__TASK ITEM__
Which lines of the data contain the string "below"? Copy every one of them.

__Data extracted from a collection__
================================

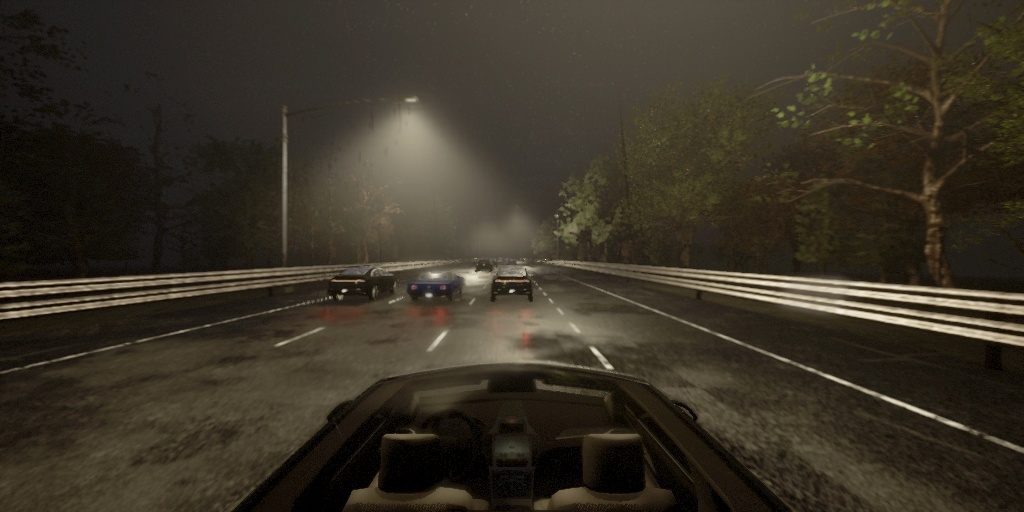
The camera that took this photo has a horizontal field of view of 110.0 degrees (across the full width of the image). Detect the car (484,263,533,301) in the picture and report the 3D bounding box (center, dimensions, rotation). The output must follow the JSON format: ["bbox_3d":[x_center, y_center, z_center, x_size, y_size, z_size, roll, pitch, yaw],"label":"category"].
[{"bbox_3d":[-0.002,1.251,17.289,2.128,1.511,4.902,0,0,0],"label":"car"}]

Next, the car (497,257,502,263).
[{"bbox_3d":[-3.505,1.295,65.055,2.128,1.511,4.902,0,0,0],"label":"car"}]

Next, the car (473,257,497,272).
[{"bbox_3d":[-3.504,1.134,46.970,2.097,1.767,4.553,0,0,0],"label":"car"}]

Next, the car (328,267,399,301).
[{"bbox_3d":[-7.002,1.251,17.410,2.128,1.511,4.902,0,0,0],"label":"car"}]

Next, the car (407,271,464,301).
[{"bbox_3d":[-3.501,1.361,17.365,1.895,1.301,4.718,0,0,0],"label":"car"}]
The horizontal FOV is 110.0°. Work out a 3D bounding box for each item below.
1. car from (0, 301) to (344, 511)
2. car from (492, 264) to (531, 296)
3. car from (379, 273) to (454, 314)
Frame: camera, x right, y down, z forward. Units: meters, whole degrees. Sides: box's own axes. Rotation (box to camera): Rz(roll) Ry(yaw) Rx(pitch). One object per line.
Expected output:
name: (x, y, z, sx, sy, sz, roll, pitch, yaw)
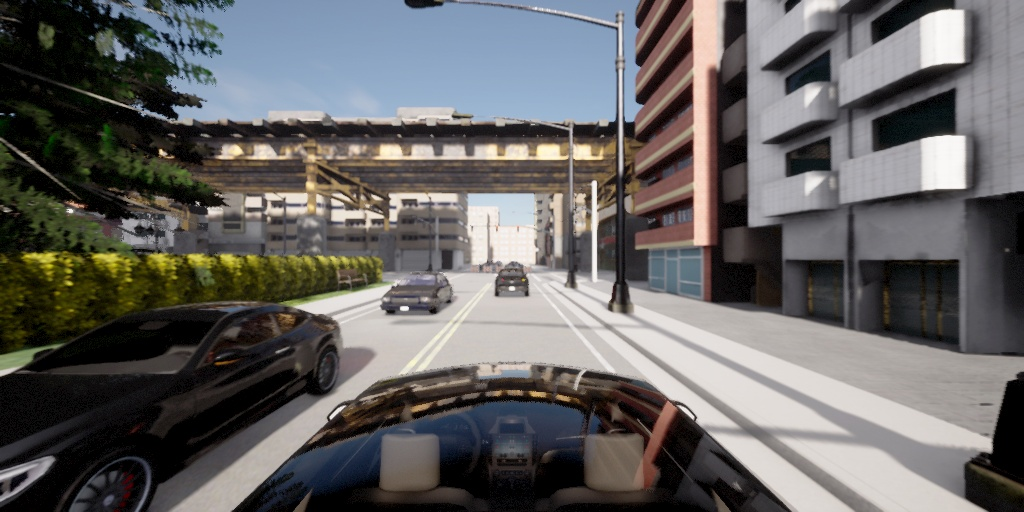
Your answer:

================================

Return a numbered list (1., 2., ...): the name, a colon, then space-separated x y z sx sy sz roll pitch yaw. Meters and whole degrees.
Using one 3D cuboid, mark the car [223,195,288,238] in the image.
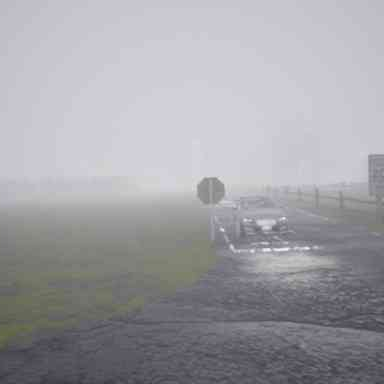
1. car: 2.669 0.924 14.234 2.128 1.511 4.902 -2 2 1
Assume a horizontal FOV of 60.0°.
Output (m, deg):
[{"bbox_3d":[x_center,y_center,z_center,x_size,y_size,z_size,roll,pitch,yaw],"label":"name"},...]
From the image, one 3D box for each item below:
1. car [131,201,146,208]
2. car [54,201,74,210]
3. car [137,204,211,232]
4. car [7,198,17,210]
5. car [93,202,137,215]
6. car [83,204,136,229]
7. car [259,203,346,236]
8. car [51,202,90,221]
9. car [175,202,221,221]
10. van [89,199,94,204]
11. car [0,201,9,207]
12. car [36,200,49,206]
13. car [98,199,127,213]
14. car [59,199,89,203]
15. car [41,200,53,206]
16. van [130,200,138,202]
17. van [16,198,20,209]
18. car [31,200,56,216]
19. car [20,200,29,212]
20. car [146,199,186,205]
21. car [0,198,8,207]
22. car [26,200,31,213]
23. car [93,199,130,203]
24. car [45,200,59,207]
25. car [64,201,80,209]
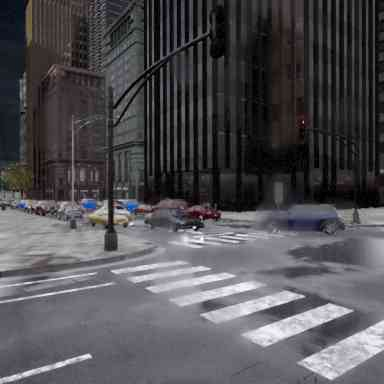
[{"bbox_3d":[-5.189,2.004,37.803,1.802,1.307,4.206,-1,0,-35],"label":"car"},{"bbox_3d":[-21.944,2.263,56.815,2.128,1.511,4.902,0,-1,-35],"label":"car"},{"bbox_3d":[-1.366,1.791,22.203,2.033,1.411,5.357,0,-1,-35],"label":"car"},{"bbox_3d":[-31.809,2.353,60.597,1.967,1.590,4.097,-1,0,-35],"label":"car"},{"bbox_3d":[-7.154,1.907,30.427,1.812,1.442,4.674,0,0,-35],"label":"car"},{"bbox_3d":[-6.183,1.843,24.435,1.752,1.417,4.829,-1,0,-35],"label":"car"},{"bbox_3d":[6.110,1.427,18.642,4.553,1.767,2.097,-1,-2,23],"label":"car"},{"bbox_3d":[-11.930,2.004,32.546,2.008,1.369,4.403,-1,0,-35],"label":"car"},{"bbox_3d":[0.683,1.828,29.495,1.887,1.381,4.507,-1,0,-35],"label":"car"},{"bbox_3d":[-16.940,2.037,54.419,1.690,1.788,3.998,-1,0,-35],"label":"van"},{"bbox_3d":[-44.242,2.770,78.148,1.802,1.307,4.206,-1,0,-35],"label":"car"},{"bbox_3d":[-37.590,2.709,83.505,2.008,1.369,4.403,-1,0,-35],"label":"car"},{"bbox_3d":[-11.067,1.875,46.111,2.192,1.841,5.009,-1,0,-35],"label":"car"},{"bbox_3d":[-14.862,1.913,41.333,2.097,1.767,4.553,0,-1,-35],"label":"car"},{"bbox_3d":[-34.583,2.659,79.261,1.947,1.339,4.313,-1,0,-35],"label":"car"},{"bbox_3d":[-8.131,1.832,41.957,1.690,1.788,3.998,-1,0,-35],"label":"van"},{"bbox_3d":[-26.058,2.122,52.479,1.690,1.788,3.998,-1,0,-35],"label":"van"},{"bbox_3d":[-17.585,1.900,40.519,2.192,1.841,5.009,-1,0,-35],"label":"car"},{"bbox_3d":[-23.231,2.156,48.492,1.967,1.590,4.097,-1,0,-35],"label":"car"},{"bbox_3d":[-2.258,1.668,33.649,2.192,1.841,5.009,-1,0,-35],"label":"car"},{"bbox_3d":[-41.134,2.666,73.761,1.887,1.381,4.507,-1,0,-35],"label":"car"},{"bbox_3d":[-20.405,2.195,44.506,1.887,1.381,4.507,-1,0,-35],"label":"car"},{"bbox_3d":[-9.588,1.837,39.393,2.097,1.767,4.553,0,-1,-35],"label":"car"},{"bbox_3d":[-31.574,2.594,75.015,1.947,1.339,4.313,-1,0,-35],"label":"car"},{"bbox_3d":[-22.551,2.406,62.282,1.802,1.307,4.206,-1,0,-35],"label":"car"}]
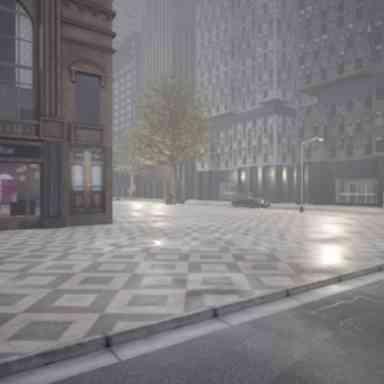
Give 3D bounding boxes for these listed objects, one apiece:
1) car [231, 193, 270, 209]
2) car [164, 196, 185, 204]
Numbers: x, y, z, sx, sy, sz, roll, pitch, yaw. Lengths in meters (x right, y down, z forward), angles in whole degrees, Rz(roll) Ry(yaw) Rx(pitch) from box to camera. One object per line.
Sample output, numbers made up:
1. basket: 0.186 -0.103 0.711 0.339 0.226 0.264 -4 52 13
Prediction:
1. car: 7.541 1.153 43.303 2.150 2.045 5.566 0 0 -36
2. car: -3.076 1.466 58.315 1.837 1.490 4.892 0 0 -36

================================

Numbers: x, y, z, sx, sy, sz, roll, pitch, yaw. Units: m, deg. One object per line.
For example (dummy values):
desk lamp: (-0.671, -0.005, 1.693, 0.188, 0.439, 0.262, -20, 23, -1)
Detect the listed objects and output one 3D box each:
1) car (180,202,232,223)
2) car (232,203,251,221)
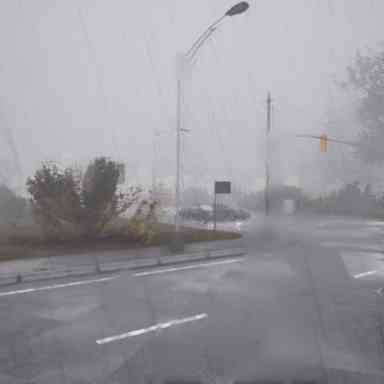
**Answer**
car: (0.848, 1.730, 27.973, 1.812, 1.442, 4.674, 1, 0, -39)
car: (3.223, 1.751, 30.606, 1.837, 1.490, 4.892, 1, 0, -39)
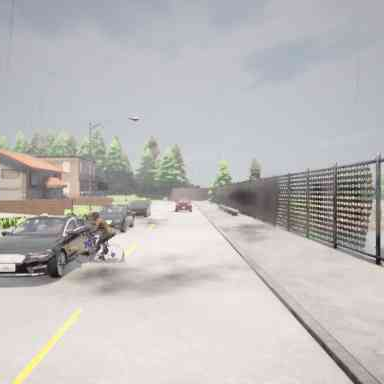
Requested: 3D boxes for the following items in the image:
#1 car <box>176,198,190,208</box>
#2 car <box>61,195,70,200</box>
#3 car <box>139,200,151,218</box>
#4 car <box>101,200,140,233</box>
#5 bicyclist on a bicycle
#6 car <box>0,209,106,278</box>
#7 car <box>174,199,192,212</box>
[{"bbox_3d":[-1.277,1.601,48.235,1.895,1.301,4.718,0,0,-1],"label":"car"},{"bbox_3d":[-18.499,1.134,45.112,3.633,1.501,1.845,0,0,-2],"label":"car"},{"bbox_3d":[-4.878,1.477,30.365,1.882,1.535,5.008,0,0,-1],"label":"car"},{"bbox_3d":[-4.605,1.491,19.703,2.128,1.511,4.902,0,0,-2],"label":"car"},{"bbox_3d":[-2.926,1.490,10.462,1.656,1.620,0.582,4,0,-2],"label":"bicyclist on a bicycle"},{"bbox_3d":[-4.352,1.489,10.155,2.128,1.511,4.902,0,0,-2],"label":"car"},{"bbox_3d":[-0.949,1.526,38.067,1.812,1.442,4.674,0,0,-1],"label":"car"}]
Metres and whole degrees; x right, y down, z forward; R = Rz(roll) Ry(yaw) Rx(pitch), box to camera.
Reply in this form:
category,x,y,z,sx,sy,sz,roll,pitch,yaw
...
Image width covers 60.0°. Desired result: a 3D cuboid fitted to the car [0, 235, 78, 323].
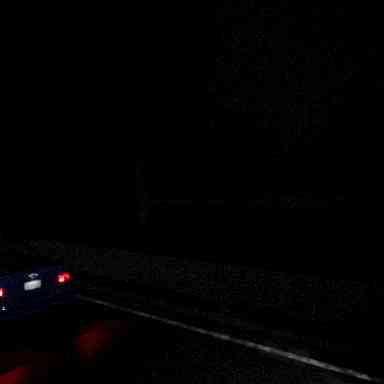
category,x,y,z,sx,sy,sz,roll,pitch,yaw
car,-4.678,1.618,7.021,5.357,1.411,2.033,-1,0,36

================================

__WRITTEN SOLUTION__
The horizontal FOV is 110.0°. Work out a 3D bounding box for each item below.
From the image, one 3D box for each item below:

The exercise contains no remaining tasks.